高津川水系河川整備基本方針

1.河川の総合的な保全と利用に関する基本方針
(1)流域及び河川の概要

 流域の気候は、日本海側気候地域に属するが夏に雨の多い北九州型で、下流部は対馬海流の影響を受けて冬でも比較的暖かい。流域の平均年降水量は、上流域で約2,200mm程度に達するが、下流域では約1,600mmである。

 緩やかな中山間地を流れ谷底盆地を形成する本川上流部は、河川争奪を受けて最上流部を失っているため、河床勾配は1/150程度と上流域としては比較的緩やかな箇所もあり、河原にはツルヨシ群落等が繁茂している。その流水は瀬と淵を形成し、緩やかな流れにはオヤニラミが生息するなど、さまざまな魚類の生息環境を提供している。

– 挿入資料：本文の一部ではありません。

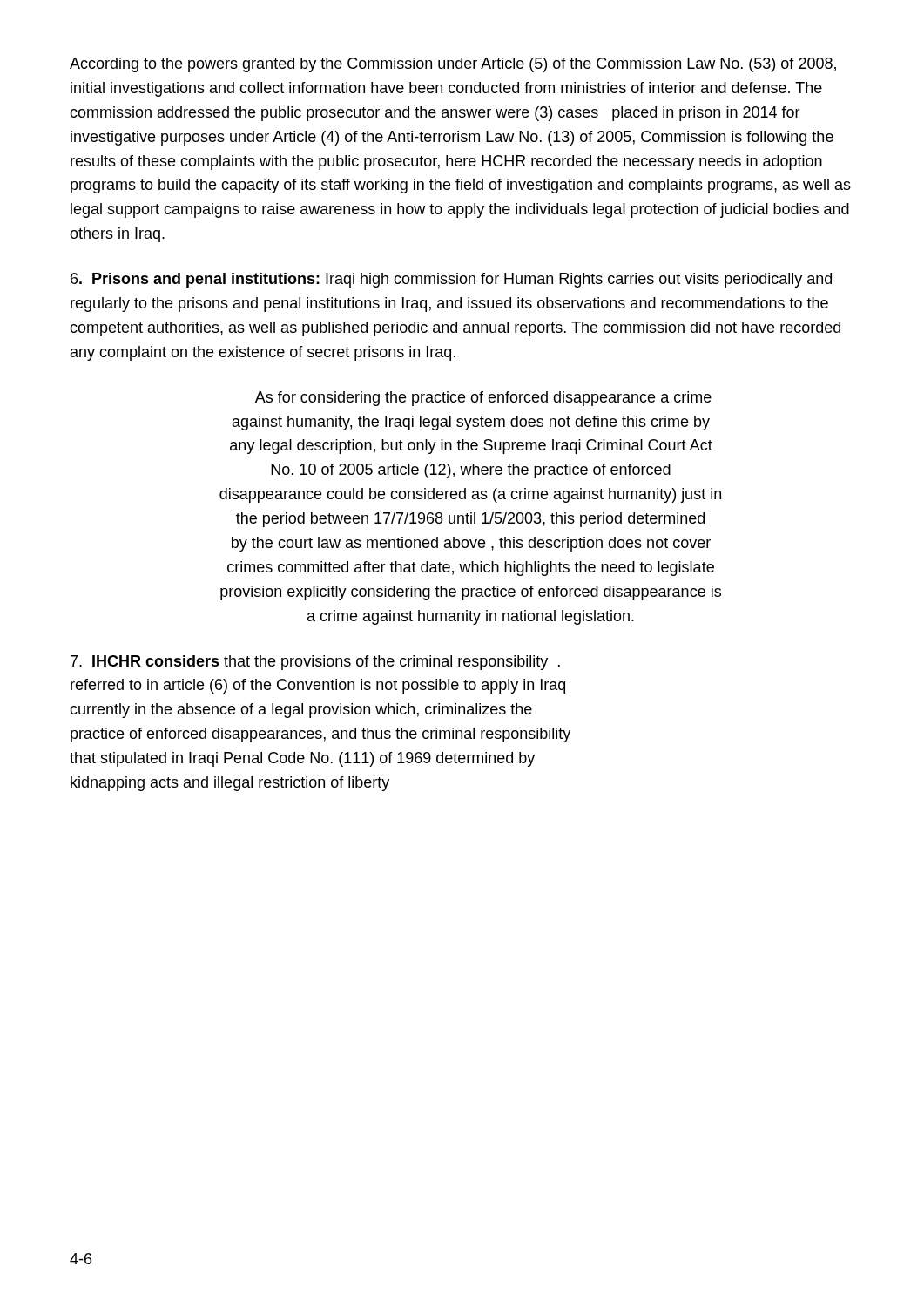This screenshot has height=1307, width=924.
Task: Select the block starting "Prisons and penal institutions: Iraqi high commission"
Action: pyautogui.click(x=456, y=315)
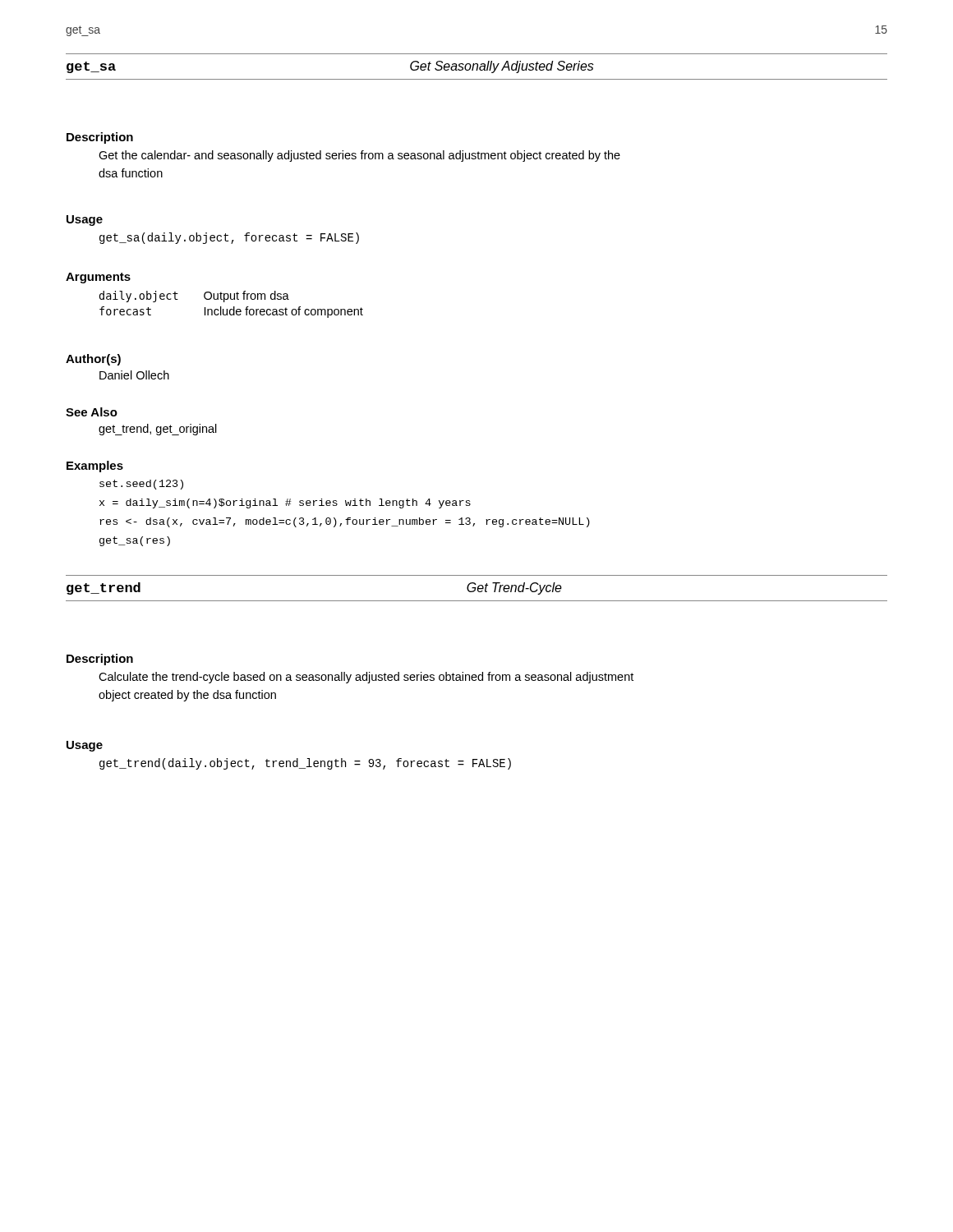Screen dimensions: 1232x953
Task: Click where it says "See Also"
Action: (x=92, y=412)
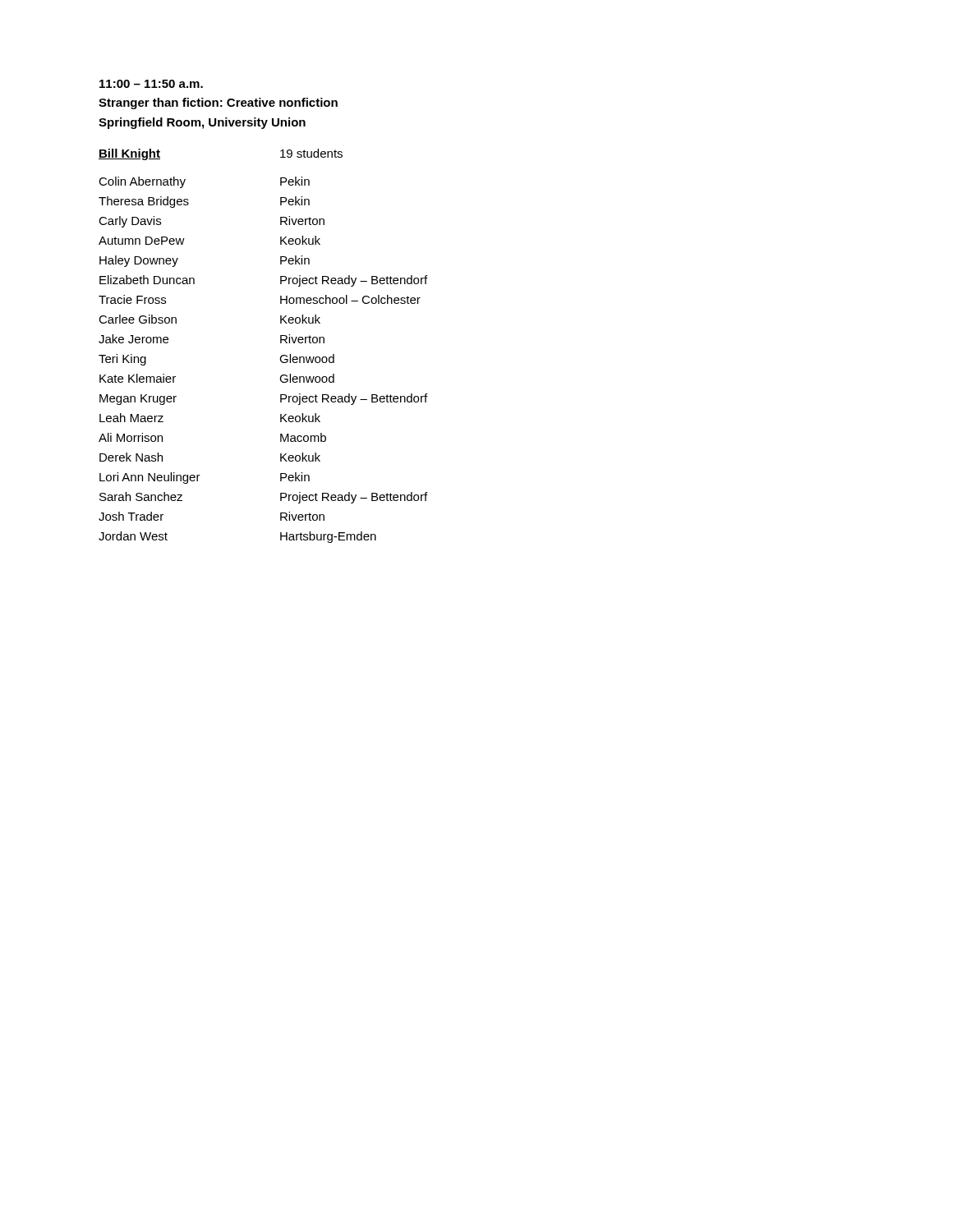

 支川流域に存在する中国山地の冠山(かんむりやま)恐羅漢山(おそらかんざん)安蔵寺山(あぞうじやま)等の山頂付近には、ブナ等の広葉樹の自然植生が残り、裏匹見峡奥匹見峡には、良好な渓谷林が存在し、大龍頭(だいりゅうず)小龍頭等多くの滝を目にすることができる。渓流には、ゴギのほかイシドジョウも生息しており、豊かな林相を背景としてブチサンショウウオ等が生息している。

 中流域は、河床勾配が1/150〜1/350と上流部よりやや緩やかとなっている。ところどころに岩が露頭し大きな淵や瀬が形成され、変化に富んだ河床を有している。自然度の高い河道が保たれていることから、天然のアユ等は、吉賀町柿木付近にまで遡上している。